As expectativas da família em chegar ao poder são então depositadas no segundo filho, John Fitzgerald, que acaba mesmo por vencer as eleições presidenciais de 1960.

O APOIO AOS REFUGIADOS AÇORIANOS


A carreira política de JFK cruza-se com Portugal ainda antes da sua chegada à Casa Branca. 
Em 1958, enquanto senador do Massachusetts, ele é um dos responsáveis por conseguir que os EUA abram a porta a 2500 famílias afetadas pela erupção do vulcão dos Capelinhos, no Faial. 
Na sequência da pressão exercida por vários políticos açorianos locais, o senador John Pastore, um democrata de origem ítalo-americana natural de Rhode Island, propõe ao Congresso o “Azorean Refugee Act” (Lei dos Refugiados Açorianos). 
Três semanas depois, Kennedy junta-lhe o seu apoio. 
“Sendo filho de um emigrante irlandês, de origem católica, era mais sensível às questões relacionadas com a discriminação e a integração das populações emigrantes — ele era a prova de que a integração era possível, ainda que não frequente”, relembra Daniel Marcos, autor do livro “A Erupção dos Capelinhos: Janela de Oportunidade para a Emigração Açoriana”.

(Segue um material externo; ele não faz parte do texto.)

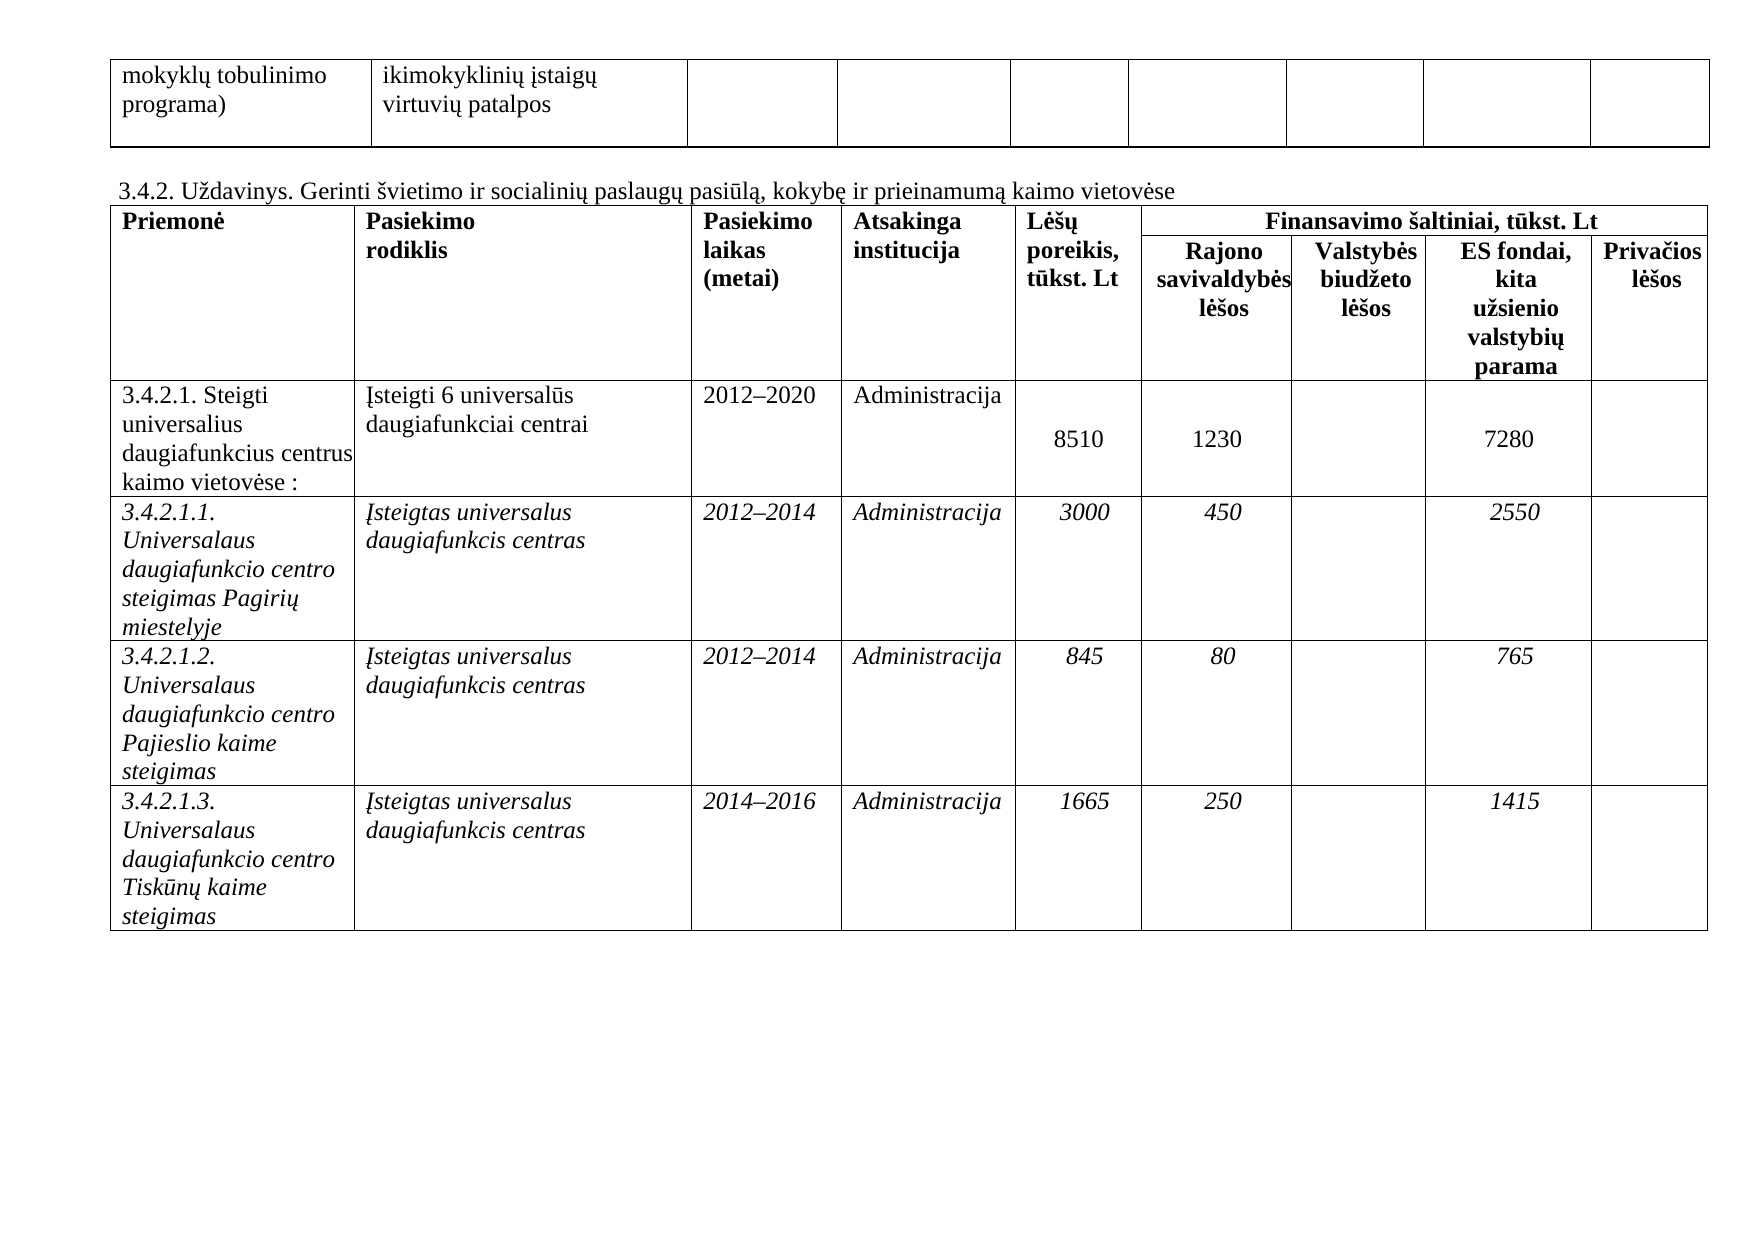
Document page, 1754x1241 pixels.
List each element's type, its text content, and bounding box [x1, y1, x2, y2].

                                                                                       

Encontros em 1974, o Senador Ted Kennedy veio a Lisboa a convinte de Mário Soares (5 e esteve no Expresso à conversa com os responsáveis de várias publicações 1: do lado direito da foto, Francisco Pinto Balsemão está ladeado, à sua esquerda, por Marcelo Rebelo de Sousa e Rudolfo Iriarte e, à direita por Jean Kennedy Smith, irmã de Ted, e José Carlos Vasconcelos; do lado esquerdo de Ted, (à esquerda da foto) estão Leonardo Ferraz de Carvalho, Joaquim Letria e António Pedro Ruella Ramos Ramos; carta enviada por Salazar a John Kennedy em Setembro de 1963, 2; JFK e o então embaixador de Portugal nos EUA, Luís Esteves Fernandes, na Casa Branca 3; O poruguês Edmundo Luís 4, Procurador da Justiça no caso da morte da Secretária de Ted Kennedy    


A oposição pública de Kennedy à então lei de emigração — muito restritiva, dando predominância à entrada de emigrantes vindos de países ricos, protestantes, do norte da Europa — e o facto de 1958 ser um ano de eleições intercalares terão, segundo o professor do Departamento de Estudos Políticos da Universidade Nova de Lisboa, contribuído também para o empenho do então senador. 
“Sendo a maioria do eleitorado dele no Massachusetts de origem emigrante (gregos, polacos, irlandeses, italianos e, em menor número, portugueses), o apoio a esta lei poderia ter um retorno político claro, não só para ele, mas também para os seus colegas de partido que se candidatavam nestas eleições”.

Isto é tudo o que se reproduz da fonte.